I'm up in the night because I probably will lose this house.  I've put a lot of money and heart into making this a Home and a School.  But here, once a house is empty, even for an hour, it can be seized, and one can spend twenty years in court trying to get possession.  The courts are slow and the police…. well they are the same ones who told me it was illegal for me to take a picture of the Goonda who was yelling at me outside my gate.  I used to think, "Well, we have the house, so at least we always have a place to live."

The trouble started before the girls even came here.  Of course, we bought the house not knowing that the lady who sold it did so because of these criminals.  I can't fault her.  I'll try to do the same, but I think they will prevent my selling it.  After buying this old house, I had hired one of the goondas as contractor, highly recommended by a neighbor.  At a certain point he threatened to walk off if I did not give him an extra $2000.  I resisted, which led to the first riots.  We had a Board Meeting.  We also had our government inspector who was working with us to open this home.  One day we had a meeting and the Board President and government inspector met with the Goondas.  They were told that if I didn't pay, they would not make it safe for children to come here.  I was told I had no choice if I wanted the children.  I could have tried to move then, but we were already approved and it would have meant another year of delay, so I paid.  And I've paid protection money along the way, but of course the demands always escalate.

ON THE OTHER HAND I have the girls, and it's been four years of raising them here and I would not have been willing to wait another year.  But I am angry that these two powerful people capitulated then.  I'm not really afraid here, because as the local councilor once told me, "they don't want to hurt you.
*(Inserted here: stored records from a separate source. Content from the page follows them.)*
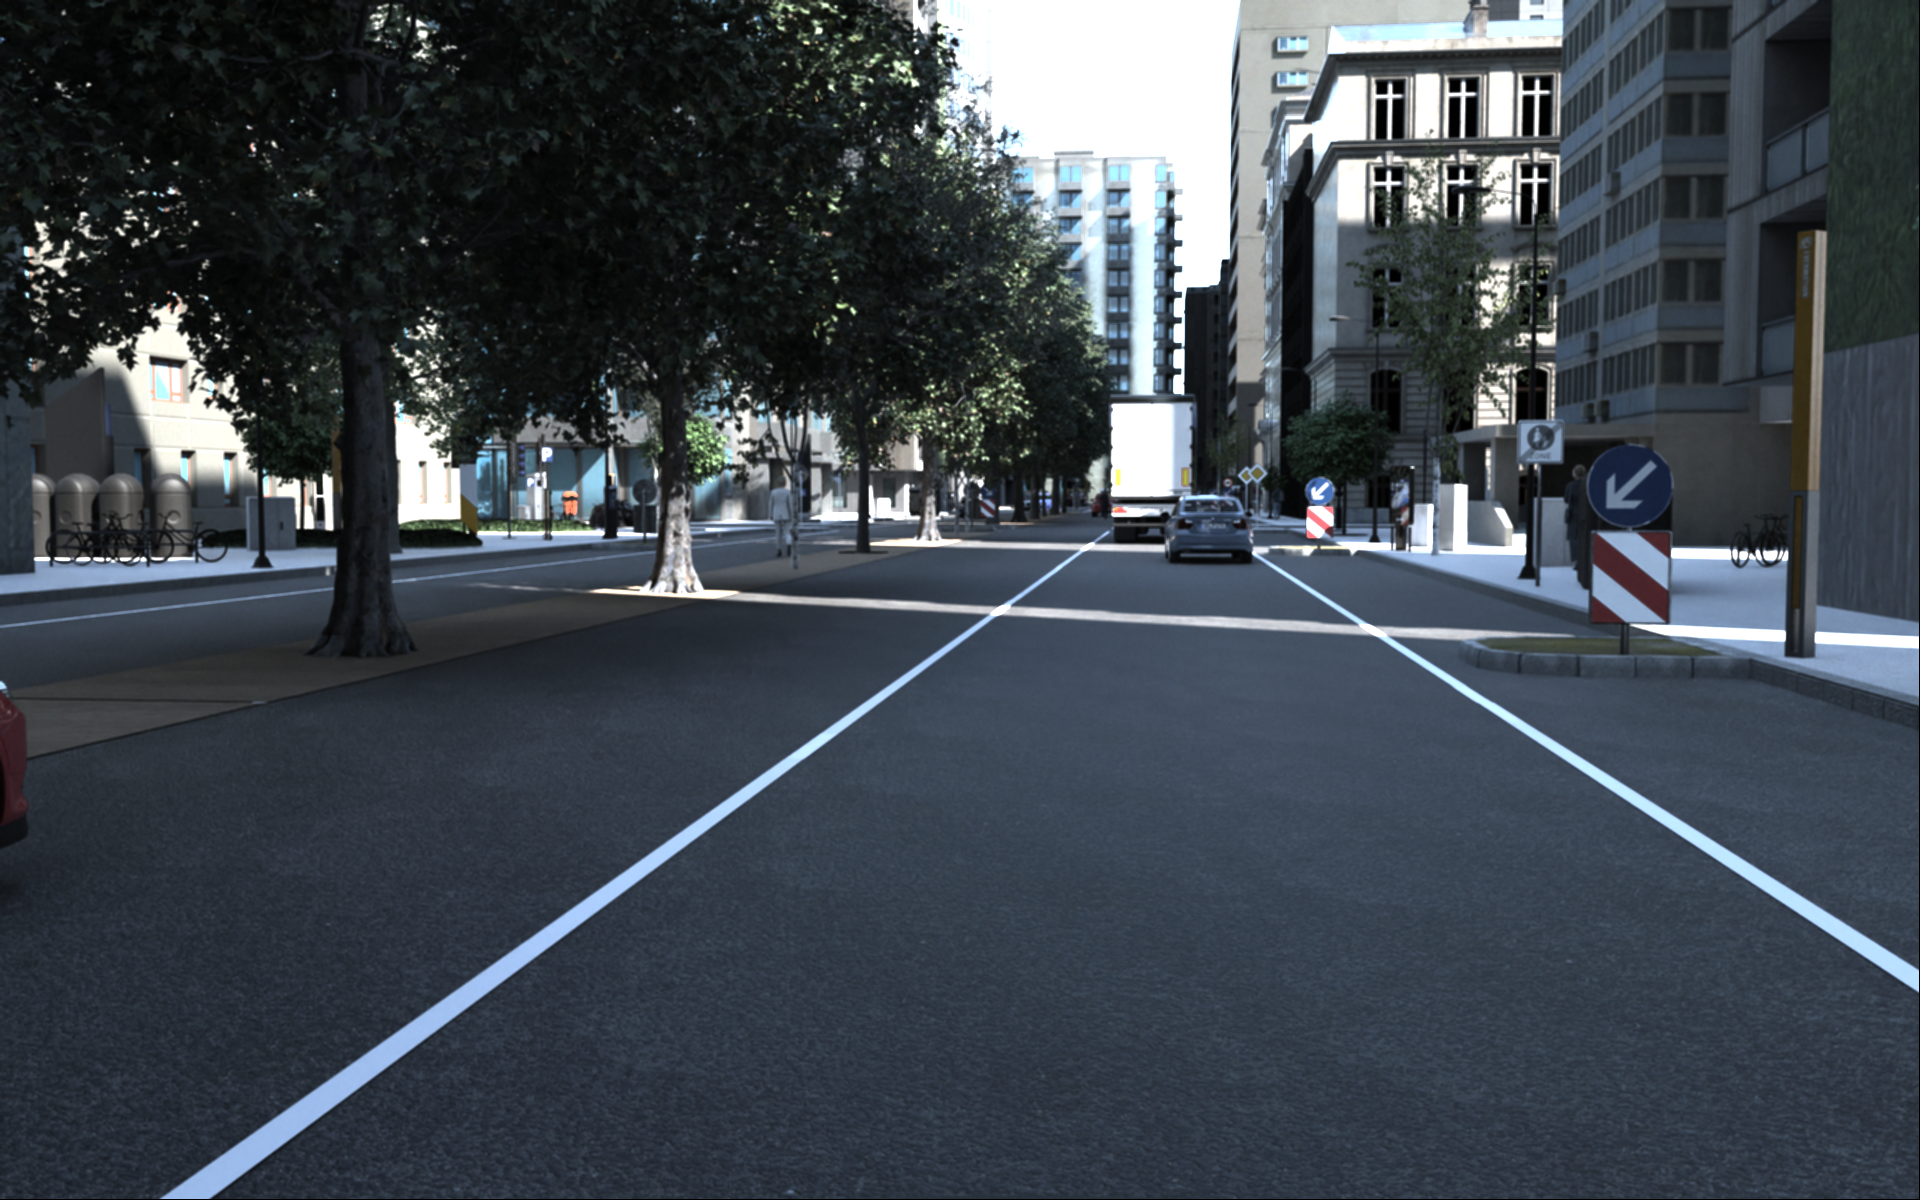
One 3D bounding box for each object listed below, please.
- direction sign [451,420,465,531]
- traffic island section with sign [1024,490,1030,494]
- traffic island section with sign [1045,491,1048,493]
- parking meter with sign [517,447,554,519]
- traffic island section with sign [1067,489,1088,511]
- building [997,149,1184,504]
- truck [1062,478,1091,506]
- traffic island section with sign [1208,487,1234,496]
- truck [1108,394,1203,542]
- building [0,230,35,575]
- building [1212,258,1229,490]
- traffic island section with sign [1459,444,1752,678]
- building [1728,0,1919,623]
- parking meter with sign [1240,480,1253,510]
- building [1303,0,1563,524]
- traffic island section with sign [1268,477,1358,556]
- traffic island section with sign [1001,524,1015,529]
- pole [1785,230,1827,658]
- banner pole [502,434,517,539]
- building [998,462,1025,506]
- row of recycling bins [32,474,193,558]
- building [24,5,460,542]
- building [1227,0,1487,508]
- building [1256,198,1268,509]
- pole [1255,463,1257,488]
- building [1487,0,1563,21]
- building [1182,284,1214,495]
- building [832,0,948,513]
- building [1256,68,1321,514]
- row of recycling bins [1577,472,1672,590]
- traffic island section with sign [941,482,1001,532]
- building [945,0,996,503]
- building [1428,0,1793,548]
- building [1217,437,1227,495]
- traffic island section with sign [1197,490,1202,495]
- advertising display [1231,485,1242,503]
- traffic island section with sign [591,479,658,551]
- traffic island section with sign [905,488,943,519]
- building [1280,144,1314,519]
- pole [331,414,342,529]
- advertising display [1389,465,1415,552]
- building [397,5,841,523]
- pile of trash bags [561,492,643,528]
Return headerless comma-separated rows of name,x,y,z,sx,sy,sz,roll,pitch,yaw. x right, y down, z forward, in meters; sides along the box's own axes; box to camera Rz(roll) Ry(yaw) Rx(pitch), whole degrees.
direction sign,-15.143,-3.718,52.786,0.379,3.537,0.876,2,4,32
traffic island section with sign,6.903,-10.200,175.394,1.989,1.847,2.006,0,4,7
traffic island section with sign,10.073,-11.867,202.659,1.989,1.847,2.006,0,4,7
parking meter with sign,-15.656,-4.133,63.831,0.543,3.016,1.738,1,4,20
traffic island section with sign,9.885,-8.531,147.611,2.006,1.907,1.989,0,4,7
building,15.910,-38.141,243.213,30.456,49.044,23.786,0,4,7
truck,14.242,-13.149,210.915,3.469,3.379,9.791,0,4,6
traffic island section with sign,14.881,-5.415,97.168,1.989,1.847,2.006,0,4,7
truck,6.201,-4.008,54.448,2.839,4.237,11.283,0,4,8
building,-25.951,-42.727,11.262,22.319,86.520,31.000,0,4,7
building,38.686,-26.943,212.218,14.160,30.474,14.107,0,4,7
traffic island section with sign,5.289,-0.360,14.510,1.989,1.847,2.006,0,4,7
building,17.047,-20.554,19.647,14.154,41.232,14.086,0,4,7
parking meter with sign,22.303,-8.587,136.660,1.738,3.016,0.543,-1,4,-14
building,33.156,-15.704,75.840,34.723,24.649,14.460,0,4,7
traffic island section with sign,8.396,-1.997,41.286,1.989,1.847,2.006,0,4,7
traffic island section with sign,1.243,-3.965,72.969,2.006,1.907,1.989,0,4,7
pole,6.612,-1.204,13.536,0.158,3.312,0.155,0,3,0
banner pole,-12.837,-3.643,49.579,0.401,3.779,0.863,-3,4,-37
building,1.114,-27.245,217.160,14.107,30.474,14.160,0,4,7
row of recycling bins,-17.281,-1.702,34.937,3.534,1.692,1.069,0,3,0
building,-35.128,-12.909,56.099,28.899,21.520,27.650,0,4,7
building,36.318,-32.924,162.012,21.300,48.544,21.600,0,4,7
building,30.350,-21.172,133.553,14.401,28.519,23.554,0,4,7
pole,19.644,-7.396,114.761,0.158,3.312,0.155,0,3,0
building,59.781,-46.921,205.406,20.611,71.187,20.563,0,4,7
building,37.567,-28.465,237.111,14.107,30.474,14.160,0,4,7
building,-8.695,-26.712,120.333,14.154,41.232,14.086,0,4,7
building,26.616,-19.930,111.765,13.634,28.700,20.117,0,4,7
row of recycling bins,9.010,-1.014,23.692,1.069,1.692,3.534,1,4,15
traffic island section with sign,0.380,-3.515,65.612,2.006,1.907,1.989,0,4,7
building,-8.349,-38.026,163.718,21.231,58.520,28.212,0,4,7
building,29.884,-21.620,45.364,32.217,40.220,23.993,0,4,7
building,39.899,-53.468,186.865,22.319,86.520,31.000,0,4,7
traffic island section with sign,17.976,-7.053,123.945,1.989,1.847,2.006,0,4,7
advertising display,19.444,-7.142,121.992,0.123,1.923,0.974,-3,4,-36
traffic island section with sign,-8.246,-2.204,44.664,1.989,1.847,2.006,0,4,7
traffic island section with sign,-2.000,-5.500,98.555,1.989,1.847,2.006,0,4,7
building,24.268,-16.175,94.138,12.332,23.373,15.834,0,4,7
pole,-15.724,-3.049,43.686,0.158,3.312,0.155,0,3,0
advertising display,9.956,-2.070,39.051,0.123,1.923,0.974,-1,4,-12
building,-18.684,-28.821,90.832,23.786,49.044,30.456,0,4,7
pile of trash bags,-13.563,-3.444,66.054,3.447,1.369,1.912,-3,4,-38

They just want your money."  But I can't raise these children here where we are under threats and where there is obscenity against them and me even as we walk out of our house.  And I always wonder if some of the people who have quit have done so because of threats or nastiness coming down the lane to our house.

I had bought the house and then left for the US to see my two daughters graduate, one from Barnard, the other from New York Law School, and to pack up to move.  When I came back to Kolkata, the goondas had taken over the house during renovation and I'd find a group of strange men hanging out inside the house.  But when the children finally came, I was able to kick them out, while they continued to insist they should have free access.  They have tracked everyone who came and went.  They have offered alcohol to our guards, and rioted against us for the right of guards to stretch out and go to sleep at night, while on duty.

The local municipality is finally putting in sewer drains here.  The goondas tried to get the workmen to charge me an extra $140 to fix our water line.  Remarkably they refused.  The next day they fixed it for us for $10.  The goondas were not there, as one of the local women had attempted suicide and everyone was at the hospital.  She is back.  I don't know the story.  I only know it was quiet here for a day, no music blaring from the store.  Sometimes I'm reminded of times in the US when I'd go to the beach, or camping, to feel close to nature and instead of quiet, there was the blaring of someone's radio.  That's how it is here now, and it wasn't this way before.  The music comes through even with all doors and windows shut.  There is no place of quiet.

Three am now, and maybe I can go back to sleep.  I woke up agitated, thinking it was morning, hungry, needing to write.  I made coffee, and then heated a chapatti, and spread peanut butter on it, so it was melted and gooey, and reminded me of when I was little — comfort food.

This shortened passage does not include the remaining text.